Alvotech announced that the FDA has issued a complete response letter (CRL) for Alvotech’s second Biologics License Application (BLA) for AVT 02, a high-concentration biosimilar candidate for Humira (adalimumab).

As the second of two BLAs submitted for AVT 02, this BLA contained data to support approval as a high-concentration biosimilar and additional information to support the interchangeability designation. The CRL noted that certain deficiencies, which were conveyed following the FDA’s reinspection of the company’s Reykjavik facility that concluded in March 2023, must be satisfactorily resolved before the application can be approved.
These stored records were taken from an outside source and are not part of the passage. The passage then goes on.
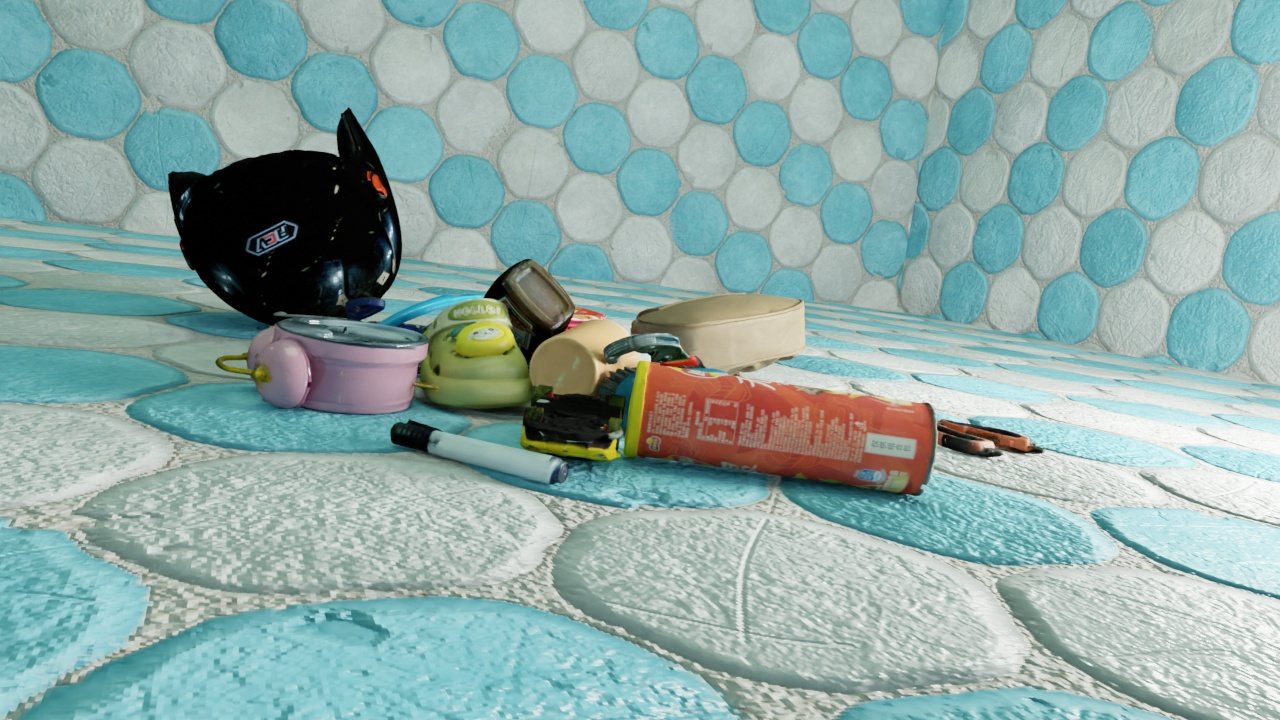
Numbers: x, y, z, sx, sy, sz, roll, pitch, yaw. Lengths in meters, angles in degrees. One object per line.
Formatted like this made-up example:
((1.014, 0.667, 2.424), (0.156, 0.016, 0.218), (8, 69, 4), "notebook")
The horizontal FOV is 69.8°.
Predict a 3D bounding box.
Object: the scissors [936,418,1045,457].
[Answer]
((0.307, 0.067, 0.941), (0.216, 0.015, 0.195), (9, 8, 21), "scissors")

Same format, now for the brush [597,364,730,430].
((0.036, 0.035, 0.766), (0.143, 0.055, 0.074), (0, 10, -43), "brush")

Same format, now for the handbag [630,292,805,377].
((0.095, -0.026, 1.095), (0.204, 0.100, 0.148), (-10, 15, -32), "handbag")

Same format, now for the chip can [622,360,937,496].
((0.098, 0.049, 0.663), (0.216, 0.073, 0.073), (8, 8, 1), "chip can")

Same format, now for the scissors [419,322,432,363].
((-0.221, -0.026, 0.870), (0.136, 0.014, 0.175), (-36, -11, -20), "scissors")

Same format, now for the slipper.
((-0.152, -0.015, 0.809), (0.091, 0.082, 0.190), (-5, 19, -20), "slipper")

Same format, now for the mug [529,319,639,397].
((-0.051, 0.004, 0.801), (0.078, 0.078, 0.122), (9, 5, 11), "mug")

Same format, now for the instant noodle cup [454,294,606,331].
((-0.139, -0.034, 1.070), (0.194, 0.066, 0.193), (8, 7, -1), "instant noodle cup")

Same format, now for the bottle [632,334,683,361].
((-0.005, 0.005, 0.910), (0.063, 0.063, 0.108), (15, 10, 43), "bottle")

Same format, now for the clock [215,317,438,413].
((-0.247, 0.003, 0.722), (0.158, 0.060, 0.117), (5, 9, -30), "clock")

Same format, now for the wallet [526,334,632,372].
((-0.051, -0.004, 0.985), (0.107, 0.040, 0.132), (-12, -7, 44), "wallet")

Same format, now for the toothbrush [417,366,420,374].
((-0.203, 0.009, 0.878), (0.189, 0.018, 0.014), (8, 14, 11), "toothbrush")

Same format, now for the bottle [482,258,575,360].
((-0.123, -0.034, 0.897), (0.080, 0.043, 0.195), (47, -26, -4), "bottle")

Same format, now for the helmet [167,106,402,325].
((-0.390, -0.147, 1.040), (0.233, 0.230, 0.274), (-22, 5, -1), "helmet")

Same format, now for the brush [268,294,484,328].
((-0.250, -0.037, 0.895), (0.083, 0.046, 0.253), (5, 19, 40), "brush")

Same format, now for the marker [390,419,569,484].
((-0.105, 0.058, 0.595), (0.131, 0.018, 0.022), (10, 41, 22), "marker")

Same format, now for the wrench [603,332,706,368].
((0.038, 0.009, 0.850), (0.056, 0.016, 0.273), (-19, -16, 17), "wrench")

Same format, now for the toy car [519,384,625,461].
((-0.047, 0.047, 0.646), (0.071, 0.041, 0.156), (7, 6, -2), "toy car")

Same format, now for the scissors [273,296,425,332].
((-0.303, -0.043, 0.987), (0.172, 0.012, 0.163), (6, -14, -18), "scissors")
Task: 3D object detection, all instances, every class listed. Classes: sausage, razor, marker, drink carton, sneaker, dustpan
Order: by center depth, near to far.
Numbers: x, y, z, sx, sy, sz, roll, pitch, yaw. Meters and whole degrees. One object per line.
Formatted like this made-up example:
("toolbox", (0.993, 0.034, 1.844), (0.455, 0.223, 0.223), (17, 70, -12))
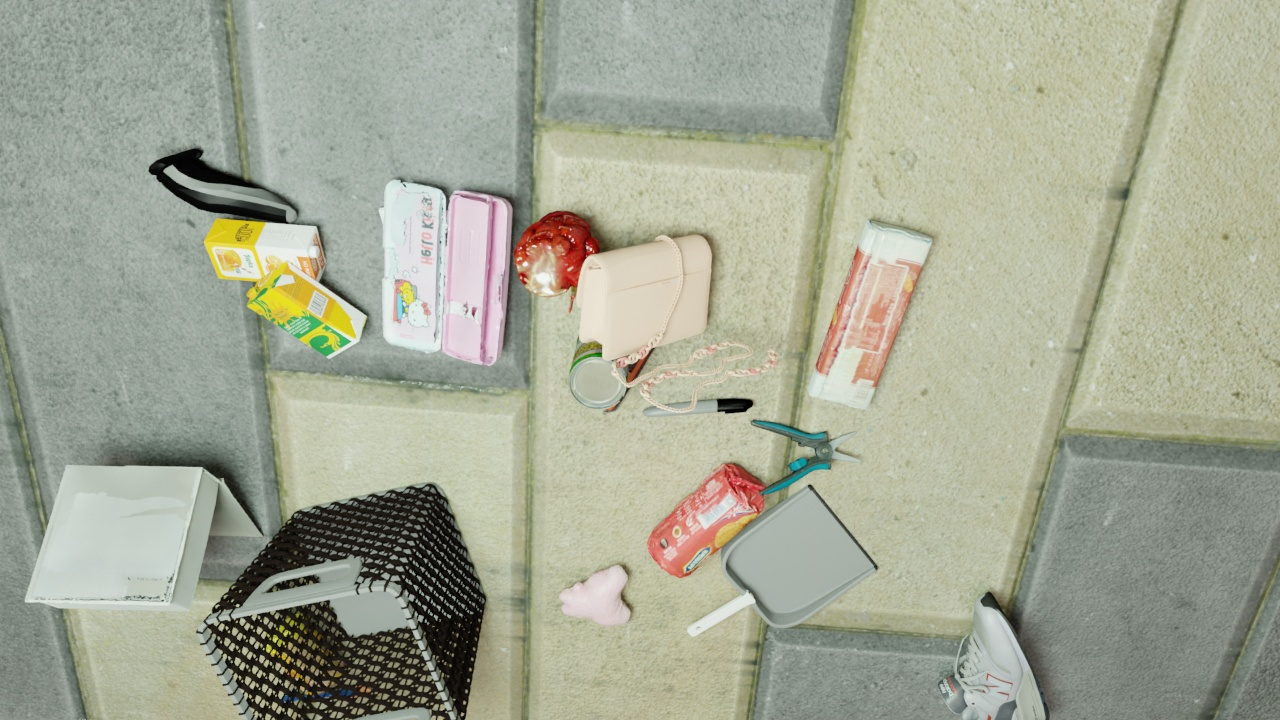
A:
("razor", (-0.469, -0.189, 1.040), (0.156, 0.057, 0.060), (27, 80, -9))
("drink carton", (-0.428, -0.124, 1.059), (0.122, 0.040, 0.059), (5, 140, 0))
("drink carton", (-0.389, -0.059, 1.068), (0.058, 0.041, 0.122), (-24, 134, 31))
("sausage", (-0.007, 0.007, 1.125), (0.020, 0.020, 0.155), (27, 112, -10))
("marker", (0.071, 0.061, 1.144), (0.139, 0.022, 0.016), (-5, 128, 4))
("dustpan", (0.169, 0.297, 1.238), (0.258, 0.033, 0.163), (-35, 108, 16))
("sneaker", (0.468, 0.431, 1.256), (0.124, 0.088, 0.240), (-26, 114, 9))

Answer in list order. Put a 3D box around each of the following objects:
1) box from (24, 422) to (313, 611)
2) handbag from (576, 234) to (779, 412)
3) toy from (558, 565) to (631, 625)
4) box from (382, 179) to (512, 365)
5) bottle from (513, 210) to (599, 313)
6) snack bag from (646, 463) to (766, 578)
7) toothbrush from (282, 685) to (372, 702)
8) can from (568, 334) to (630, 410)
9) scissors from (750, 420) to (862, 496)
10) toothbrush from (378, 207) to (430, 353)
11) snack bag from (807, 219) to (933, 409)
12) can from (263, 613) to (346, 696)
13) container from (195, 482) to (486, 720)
("box", (-0.595, 0.173, 1.214), (0.167, 0.445, 0.165), (2, 104, 1))
("handbag", (0.051, -0.055, 0.991), (0.198, 0.187, 0.117), (-17, 127, -36))
("toy", (-0.062, 0.323, 1.246), (0.096, 0.052, 0.099), (-6, 118, -3))
("box", (-0.224, -0.101, 1.062), (0.154, 0.041, 0.201), (14, 112, 15))
("bottle", (-0.087, -0.115, 1.024), (0.099, 0.111, 0.099), (1, 113, 2))
("snack bag", (0.083, 0.205, 1.180), (0.082, 0.082, 0.177), (41, 109, -15))
("toothbrush", (-0.462, 0.493, 1.359), (0.135, 0.017, 0.021), (-5, 117, 2))
("can", (-0.046, 0.002, 1.068), (0.067, 0.120, 0.067), (1, 114, 2))
("scissors", (0.198, 0.109, 1.154), (0.148, 0.019, 0.118), (-31, 86, -7))
("toothbrush", (-0.278, -0.094, 1.095), (0.017, 0.012, 0.187), (-3, 114, 18))
("snack bag", (0.266, -0.052, 1.079), (0.077, 0.041, 0.225), (13, 112, -4))
("can", (-0.474, 0.416, 1.295), (0.068, 0.067, 0.105), (-27, 110, 13))
("container", (-0.346, 0.324, 1.153), (0.247, 0.243, 0.246), (-13, 113, 7))

No other deficiencies in the application were noted by the FDA. Alvotech intends to resubmit a BLA for AVT 02, including data supporting an interchangeability designation, to the FDA, which would trigger a six-month review period and a new Biosimilar User Fee Act (BsUFA) data.

Due to the expected delay in the potential approval of AVT 02 in the US, as a result of the communication received from the FDA, Alvotech will explore options to raise additional capital, in order to continue advancing pipeline development in the near-term. In addition to AVT 02, the company is currently developing a pipeline of 7 disclosed and 3 undisclosed biosimilar candidates.